Deno : le nouveau NodeJS ?

Le 2 juin 2018 le créateur de NodeJS a débarqué sur la scène de la JSConf avec un maximum de stress. Il ne supporte plus NodeJS et commence à parler de Deno. Mais qu’est ce qui ne va pas avec NodeJS ? Et pourquoi Deno serait notre sauveur à tous ? Aujourd’hui je te présente en avant-première quelque chose qui risque d’être dans tous les coins d’Internet dans le futur.



Da Vinci Code

Ryan Dahl est un type brillant. Il y a dix ans de ça, en 2009, il a débarqué à la même JSConf avec autant de stress. Il était là pour présenter un side project à lui : NodeJS. Tu faisais quoi toi y’a dix ans ? Moi je faisais du Symfony 1.4 et je pensais que j’étais le plus grand hacker du monde. Bref, le bougre est pas mauvais. Mais malgré tout, durant cette fameuse conf du 2 juin 2018, il n’a fait que s’auto-flageller. On aurait dit le Da Vinci code la scène. Franchement à 12:55 de la vidéo quand il se met à parler des node_modules j’ai cru qu’il allait craquer. Au passage il y a une belle leçon ici. Malgré son talent et ses succès il ne fait qu’insister sur ces erreurs.

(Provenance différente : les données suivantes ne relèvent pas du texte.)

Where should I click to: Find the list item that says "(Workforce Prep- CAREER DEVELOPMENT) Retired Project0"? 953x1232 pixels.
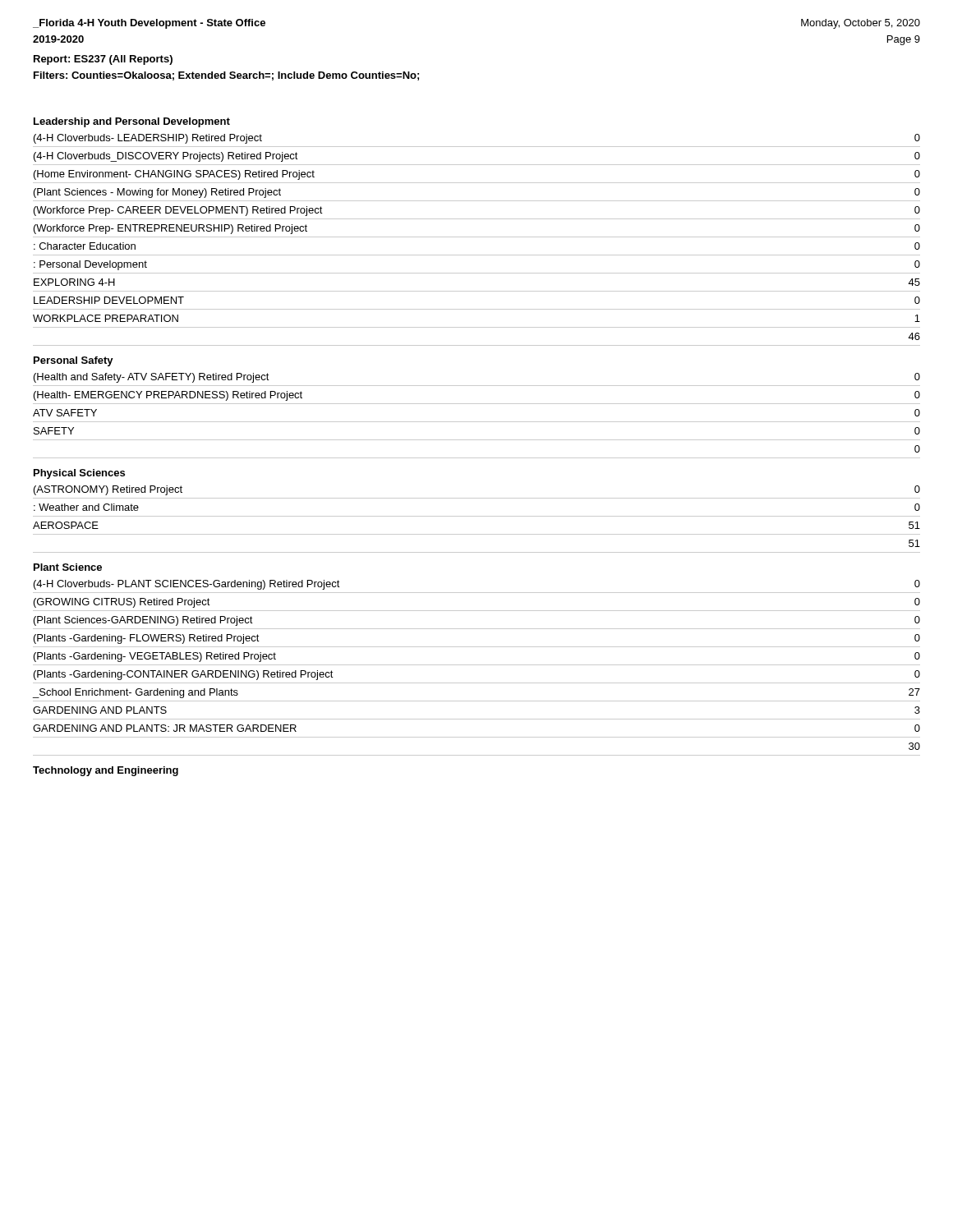476,210
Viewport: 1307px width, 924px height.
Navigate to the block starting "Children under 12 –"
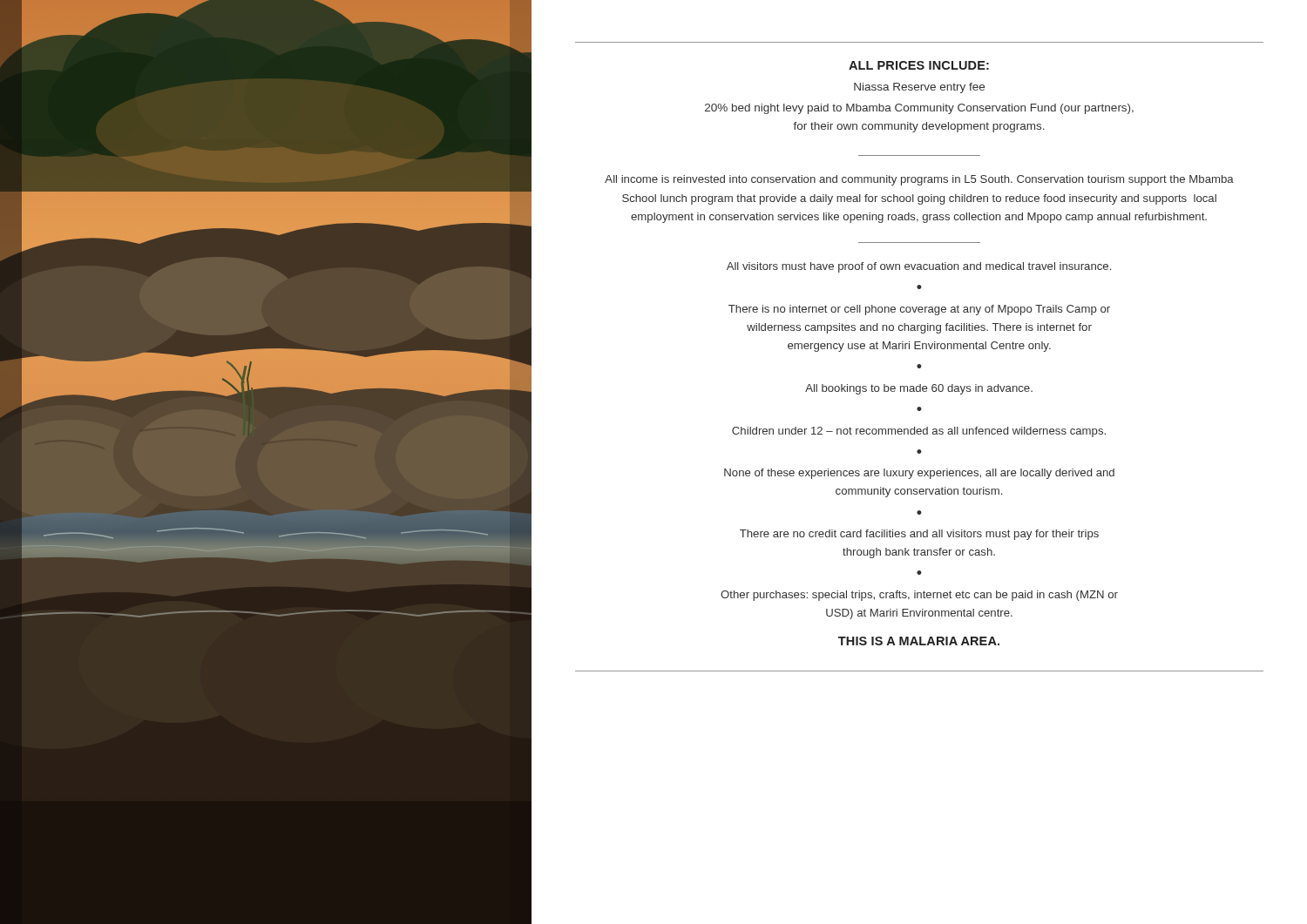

T’as eu la flemme de regarder les 25 minutes de la conf mais tu veux savoir c’est quoi les problèmes de NodeJS selon Ryan Dahl ? OK je te fais un tour du proprio rapide.



NodeJS et ses problèmes

1 : Promesses tuées dans l’oeuf

À la naissance de NodeJS Ryan a introduit les promesses, à la place des callbacks, pour les enlever aussitôt après. Du coup on se retrouve avec des callbacks partout dans l’API de base de NodeJS et ça vieillit mal. Surtout avec toutes les couches d’abstraction qui ont été faites par la suite pour pallier à ça.


2 : Sécurité faible

Même si le moteur Javascript utilisé par NodeJS (V8) est sécurisé, Node en lui même l’est pas. En fait quand tu lances un node tu as automatiquement accès aux fichiers, à des calls systèmes et la possibilité de lancer des scripts. Le runtime utilisé dans NodeJS ne devrait pas avoir des droits pareils sans restrictions.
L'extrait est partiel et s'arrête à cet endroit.